Componente Sezione Pensionati Assidifer - Federmanager
Che non sia freddo e spietato, in cui il forte depreda il debole; che sia il luogo dove non aggrediamo più chi non conosciamo. Un mondo migliore. È la speranza per il domani dei nostri figli e nipoti.  È la promessa che possiamo fare alle prossime generazioni. 
Sono questi i sentimenti e le riflessioni che ti sollecita la lettura di “Una terra promessa”, il libro di Barack Obama, pubblicato in lingua italiana da Garzanti Ed, 2020. (Titolo originale: “A Promised Land”). 

La crisi degli anni trenta. L’autore ci racconta che, appena in insediatosi alla Casa Bianca, il 20 gennaio 2009, come 44mo Presidente Usa si trovò a gestire la crisi più scottante sul piano economico e finanziario, dopo quella, altrettanto grave, che, negli anni trenta del secolo scorso, aveva colpito l’America.
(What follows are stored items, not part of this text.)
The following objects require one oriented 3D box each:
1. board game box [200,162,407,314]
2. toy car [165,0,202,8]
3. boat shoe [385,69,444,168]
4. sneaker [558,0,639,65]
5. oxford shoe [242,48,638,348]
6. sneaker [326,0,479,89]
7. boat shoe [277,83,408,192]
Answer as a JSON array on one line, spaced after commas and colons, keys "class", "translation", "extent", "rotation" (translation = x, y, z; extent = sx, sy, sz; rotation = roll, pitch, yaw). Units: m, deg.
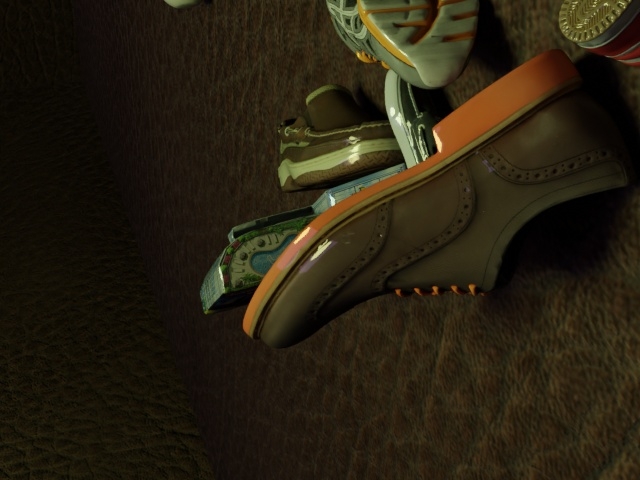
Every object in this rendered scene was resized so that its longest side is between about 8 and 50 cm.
[{"class": "board game box", "translation": [0.000, 0.000, 0.633], "extent": [0.194, 0.194, 0.060], "rotation": [139, 116, -71]}, {"class": "toy car", "translation": [-0.223, -0.413, 1.067], "extent": [0.182, 0.136, 0.159], "rotation": [-172, 70, -68]}, {"class": "boat shoe", "translation": [0.089, -0.073, 0.595], "extent": [0.040, 0.049, 0.142], "rotation": [-19, 83, 39]}, {"class": "sneaker", "translation": [0.171, -0.131, 0.352], "extent": [0.118, 0.067, 0.042], "rotation": [-47, 50, 30]}, {"class": "oxford shoe", "translation": [0.061, 0.006, 0.474], "extent": [0.271, 0.097, 0.098], "rotation": [-39, 80, 26]}, {"class": "sneaker", "translation": [0.055, -0.167, 0.577], "extent": [0.215, 0.084, 0.083], "rotation": [-110, 18, -47]}, {"class": "boat shoe", "translation": [0.007, -0.099, 0.720], "extent": [0.257, 0.095, 0.095], "rotation": [179, 84, -70]}]
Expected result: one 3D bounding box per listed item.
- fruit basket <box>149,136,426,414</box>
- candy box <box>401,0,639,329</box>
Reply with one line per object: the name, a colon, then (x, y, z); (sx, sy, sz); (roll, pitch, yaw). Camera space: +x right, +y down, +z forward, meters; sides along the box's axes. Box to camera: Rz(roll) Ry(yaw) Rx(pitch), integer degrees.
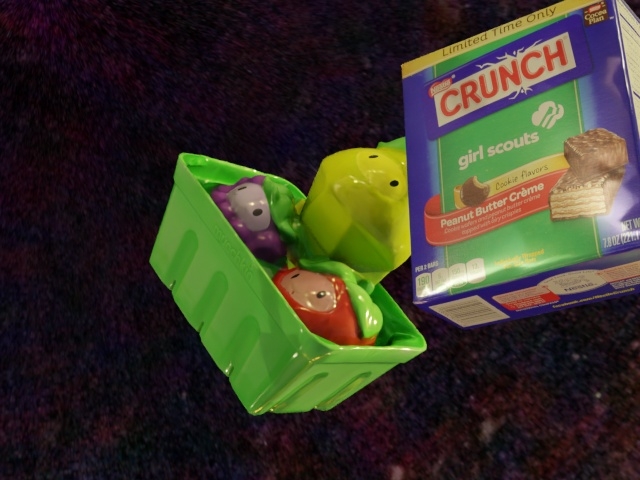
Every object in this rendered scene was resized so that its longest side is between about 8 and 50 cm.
fruit basket: (0.000, 0.000, 1.222); (0.283, 0.392, 0.392); (10, 105, -51)
candy box: (0.236, -0.088, 1.027); (0.268, 0.317, 0.122); (-18, 148, 32)
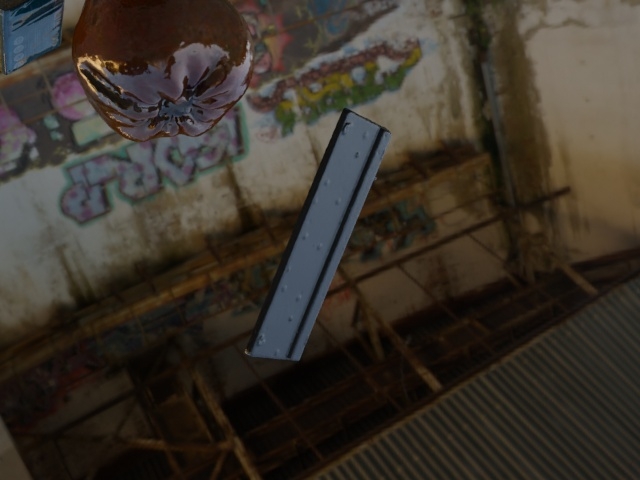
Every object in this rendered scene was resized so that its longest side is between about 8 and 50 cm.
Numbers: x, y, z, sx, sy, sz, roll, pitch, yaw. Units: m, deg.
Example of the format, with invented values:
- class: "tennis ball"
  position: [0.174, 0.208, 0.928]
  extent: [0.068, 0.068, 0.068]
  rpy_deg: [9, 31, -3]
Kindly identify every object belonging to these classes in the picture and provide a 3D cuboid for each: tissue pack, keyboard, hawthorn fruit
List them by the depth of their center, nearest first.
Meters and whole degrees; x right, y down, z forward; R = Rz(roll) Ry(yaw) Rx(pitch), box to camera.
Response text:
- class: "keyboard"
  position: [0.000, 0.000, 1.009]
  extent: [0.018, 0.310, 0.100]
  rpy_deg: [26, -173, 40]
- class: "tissue pack"
  position: [-0.466, -0.350, 1.307]
  extent: [0.120, 0.082, 0.169]
  rpy_deg: [-42, 175, -30]
- class: "hawthorn fruit"
  position: [-0.249, -0.311, 1.307]
  extent: [0.276, 0.277, 0.298]
  rpy_deg: [-14, -112, 9]
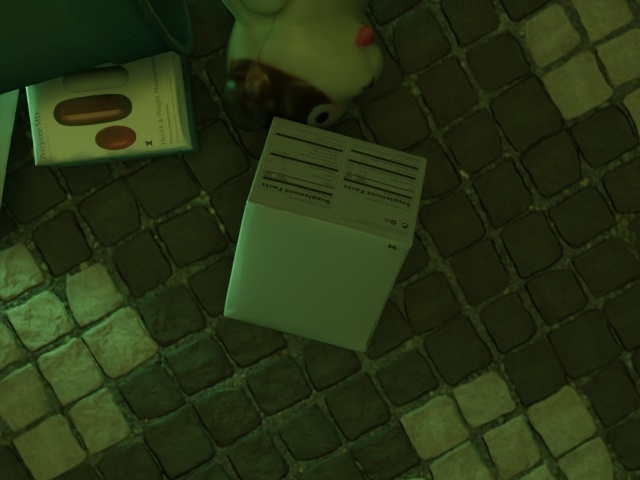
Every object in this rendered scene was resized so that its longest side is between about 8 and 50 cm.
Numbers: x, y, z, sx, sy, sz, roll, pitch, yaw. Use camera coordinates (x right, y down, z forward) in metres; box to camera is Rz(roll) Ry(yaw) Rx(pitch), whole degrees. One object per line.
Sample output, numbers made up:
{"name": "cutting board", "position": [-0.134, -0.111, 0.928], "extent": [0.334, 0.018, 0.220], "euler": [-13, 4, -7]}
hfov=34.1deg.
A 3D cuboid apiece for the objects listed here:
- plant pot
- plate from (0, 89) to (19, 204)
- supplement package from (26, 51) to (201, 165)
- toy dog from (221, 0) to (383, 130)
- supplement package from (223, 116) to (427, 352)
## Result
{"name": "plant pot", "position": [-0.362, -0.311, 1.177], "extent": [0.334, 0.341, 0.341], "euler": [-21, 95, 7]}
{"name": "plate", "position": [-0.537, -0.148, 1.399], "extent": [0.278, 0.045, 0.277], "euler": [12, 94, 22]}
{"name": "supplement package", "position": [-0.277, -0.204, 1.399], "extent": [0.203, 0.149, 0.194], "euler": [-7, 94, -1]}
{"name": "toy dog", "position": [-0.057, -0.337, 1.327], "extent": [0.395, 0.284, 0.408], "euler": [-10, 100, 26]}
{"name": "supplement package", "position": [0.000, 0.000, 1.353], "extent": [0.204, 0.262, 0.145], "euler": [15, 52, -2]}
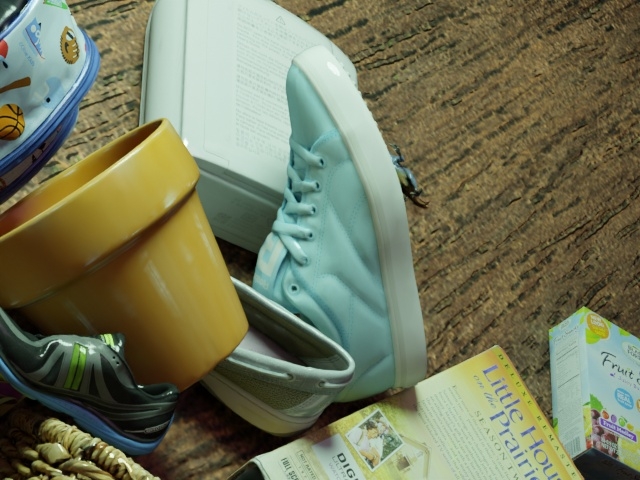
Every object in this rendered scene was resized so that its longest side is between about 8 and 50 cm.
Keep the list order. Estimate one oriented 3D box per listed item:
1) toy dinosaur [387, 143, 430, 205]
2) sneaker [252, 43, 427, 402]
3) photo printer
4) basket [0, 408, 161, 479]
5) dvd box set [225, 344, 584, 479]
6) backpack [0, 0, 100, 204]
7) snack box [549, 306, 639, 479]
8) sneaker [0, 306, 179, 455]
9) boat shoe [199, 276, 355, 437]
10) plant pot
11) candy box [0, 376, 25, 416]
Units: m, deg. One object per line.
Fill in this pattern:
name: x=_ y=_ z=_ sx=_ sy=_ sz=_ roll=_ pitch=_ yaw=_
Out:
toy dinosaur: x=0.085 y=-0.082 z=1.762 sx=0.082 sy=0.047 sz=0.090 roll=62 pitch=6 yaw=27
sneaker: x=0.000 y=0.000 z=1.422 sx=0.150 sy=0.135 sz=0.366 roll=-19 pitch=108 yaw=-14
photo printer: x=-0.073 y=-0.139 z=1.582 sx=0.256 sy=0.107 sz=0.307 roll=24 pitch=46 yaw=-30
basket: x=-0.116 y=0.248 z=1.153 sx=0.299 sy=0.213 sz=0.223 roll=35 pitch=42 yaw=-19
dvd box set: x=0.129 y=0.296 z=1.473 sx=0.420 sy=0.062 sz=0.307 roll=-19 pitch=74 yaw=-49
backpack: x=-0.317 y=-0.134 z=1.189 sx=0.276 sy=0.263 sz=0.213 roll=-55 pitch=132 yaw=-20
snack box: x=0.361 y=0.207 z=1.761 sx=0.174 sy=0.070 sz=0.207 roll=28 pitch=42 yaw=-25
sneaker: x=-0.189 y=0.094 z=1.127 sx=0.188 sy=0.078 sz=0.067 roll=34 pitch=-2 yaw=-24
boat shoe: x=-0.117 y=0.060 z=1.375 sx=0.320 sy=0.103 sz=0.118 roll=37 pitch=40 yaw=-4
plant pot: x=-0.162 y=0.031 z=1.223 sx=0.188 sy=0.205 sz=0.205 roll=57 pitch=37 yaw=-13
candy box: x=-0.329 y=0.096 z=1.150 sx=0.186 sy=0.109 sz=0.053 roll=21 pitch=49 yaw=-32
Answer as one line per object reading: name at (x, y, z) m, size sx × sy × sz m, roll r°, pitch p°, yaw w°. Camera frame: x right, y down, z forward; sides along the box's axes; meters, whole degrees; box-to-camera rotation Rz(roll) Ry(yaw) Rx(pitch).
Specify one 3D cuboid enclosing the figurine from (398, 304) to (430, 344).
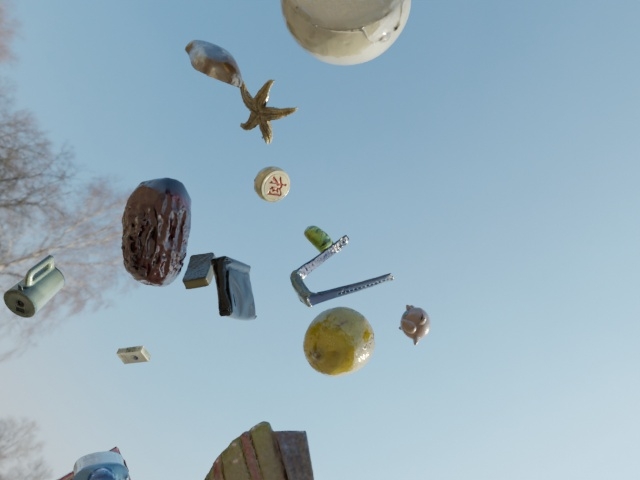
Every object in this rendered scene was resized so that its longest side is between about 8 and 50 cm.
figurine at (0.353, 0.311, 1.870) m, size 0.125 × 0.138 × 0.125 m, roll -1°, pitch -72°, yaw -2°

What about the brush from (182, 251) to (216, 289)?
brush at (-0.550, 0.135, 2.274) m, size 0.123 × 0.197 × 0.059 m, roll -11°, pitch -54°, yaw 9°

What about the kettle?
kettle at (-0.837, 0.133, 1.459) m, size 0.098 × 0.148 × 0.126 m, roll -9°, pitch -62°, yaw 18°

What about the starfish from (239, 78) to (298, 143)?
starfish at (-0.198, -0.436, 1.662) m, size 0.277 × 0.062 × 0.235 m, roll -2°, pitch -65°, yaw 45°

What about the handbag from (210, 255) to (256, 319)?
handbag at (-0.320, 0.183, 1.826) m, size 0.080 × 0.247 × 0.222 m, roll -12°, pitch -105°, yaw 14°

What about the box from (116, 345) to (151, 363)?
box at (-0.551, 0.338, 1.471) m, size 0.083 × 0.024 × 0.054 m, roll -8°, pitch -52°, yaw 12°

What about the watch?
watch at (0.056, 0.129, 1.640) m, size 0.276 × 0.275 × 0.068 m, roll 43°, pitch -19°, yaw 47°

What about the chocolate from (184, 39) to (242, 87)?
chocolate at (-0.345, -0.601, 1.640) m, size 0.080 × 0.157 × 0.254 m, roll -62°, pitch -143°, yaw 25°

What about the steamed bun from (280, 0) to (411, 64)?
steamed bun at (0.071, -0.664, 1.431) m, size 0.374 × 0.374 × 0.241 m, roll 42°, pitch -12°, yaw 14°

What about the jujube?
jujube at (-0.567, -0.032, 1.729) m, size 0.259 × 0.258 × 0.376 m, roll 4°, pitch -103°, yaw 41°

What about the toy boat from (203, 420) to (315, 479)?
toy boat at (-0.124, 0.541, 1.094) m, size 0.111 × 0.294 × 0.275 m, roll 179°, pitch -84°, yaw -85°

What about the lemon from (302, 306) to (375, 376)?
lemon at (0.066, 0.381, 1.872) m, size 0.258 × 0.310 × 0.257 m, roll 11°, pitch -71°, yaw 35°

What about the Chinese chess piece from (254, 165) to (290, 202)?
Chinese chess piece at (-0.160, -0.186, 1.652) m, size 0.051 × 0.122 × 0.122 m, roll 36°, pitch -42°, yaw 49°

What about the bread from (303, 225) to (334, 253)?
bread at (0.000, 0.000, 1.871) m, size 0.139 × 0.071 × 0.130 m, roll 46°, pitch -4°, yaw 15°

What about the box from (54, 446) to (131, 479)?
box at (-0.530, 0.572, 1.167) m, size 0.060 × 0.156 × 0.111 m, roll -35°, pitch -102°, yaw 43°

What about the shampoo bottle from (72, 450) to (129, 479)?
shampoo bottle at (-0.450, 0.478, 1.016) m, size 0.258 × 0.104 × 0.061 m, roll 149°, pitch -60°, yaw -62°

Una crisi che culminò, come è noto, nel c.d. “Black Tuesday” (29 ottobre 1929); fu determinata da operazioni bancarie che avevano favorito scelte azzardose e comportamenti illeciti. Si era allargata con velocità e modalità paragonabili alla diffusione di un “virus”, con devastanti intrecci ed eventi che l’Europa, e poi il mondo, furono costretti a patire: la salita al potere del nazismo, la saldatura col fascismo e la svolta bellica, le deportazioni, le colonizzazioni, la guerra civile spagnola, ecc. Al culmine della “Grande Depressione”, l’allora Presidente USA, Franklin Delano Roosevelt (1933-1945), nel discorso d’insediamento alla Casa Bianca (4 marzo 1933), metteva sotto accusa le attività dei banchieri privi di scrupoli. Dette il via a l’“Emergency Banking Act” e seguenti, al “National Industrial Recovery Act” per il rilancio industriale. Nel complesso: una nuova arte del governare. Lo Stato entrava nell'economia, operando come meccanismo regolatore, e anche per scongiurare frequenti tensioni sociali. Un vasto programma politico innovativo noto come New Deal. 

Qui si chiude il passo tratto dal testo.